A panel discussion concerned “Women Writers, Solutions and Hate Speech: Focus on Social Media” moderated by Tanja Tuma (Slovenian PEN).
On the panel were Margie Orford (South Africa), Wezi Msukwa-Panje (Malawi), Mahi Ramakrishnan of Malaysia. Margie told us that there was a long-standing prejudice against women speaking in a public sphere, and online is now the equivalent of that public sphere. It is hard to deal with old issues in a new form. The roots of femicide are in the erasure of women’s speech.

Is hate speech against men different from hate speech against women? The crucial difference is that hate speech against men consists of calling them insulting names, whereas hate speech against women is always sexual and violent with threats of rape and other intimidation. Women may censor their own speech to avoid threats. (Tanja Tuma recommended Our Bodies, Their Battlefield by Christina Lamb.)

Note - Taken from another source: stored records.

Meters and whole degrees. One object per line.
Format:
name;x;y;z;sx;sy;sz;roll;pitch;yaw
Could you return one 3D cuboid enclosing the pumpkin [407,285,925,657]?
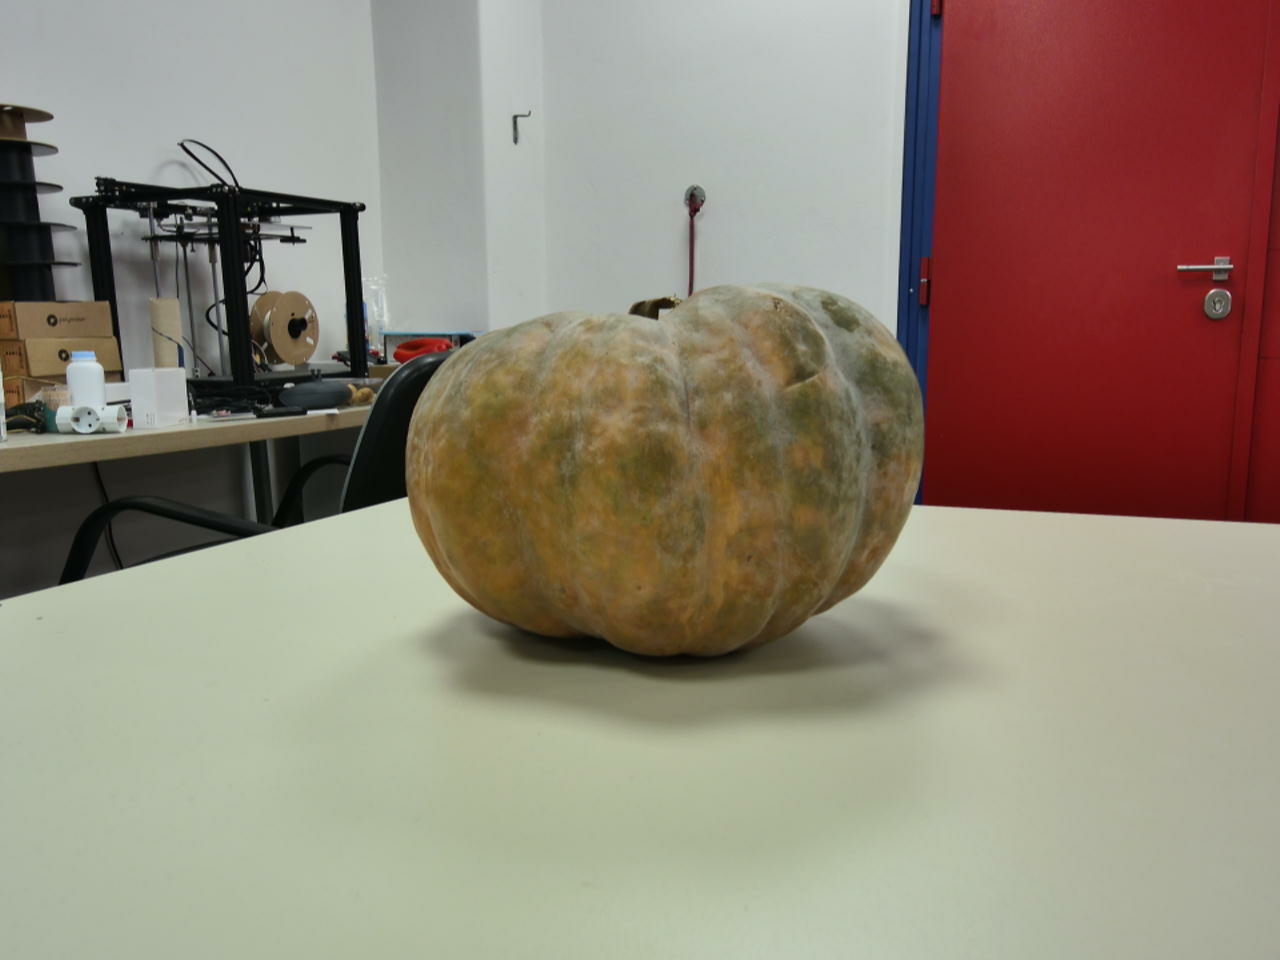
pumpkin;0.007;-0.009;0.495;0.252;0.168;0.252;0;6;0
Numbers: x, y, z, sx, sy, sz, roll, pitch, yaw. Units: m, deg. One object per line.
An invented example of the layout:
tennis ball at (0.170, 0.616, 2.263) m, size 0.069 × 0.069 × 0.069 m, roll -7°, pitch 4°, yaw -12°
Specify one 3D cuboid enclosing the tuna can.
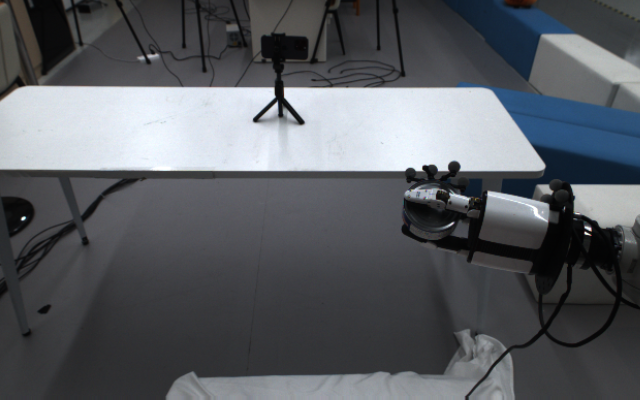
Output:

But how can we fight back? Literacy is essential. Boko Haram kidnaps girls from school precisely to prevent it. PEN can interact with states, but social media are in the province of private organisations; how can we deal with free speech issues with these private bodies? This is an important question for PEN to address. PEN needs new strategic thinking, new tools to deal with the problem of social media.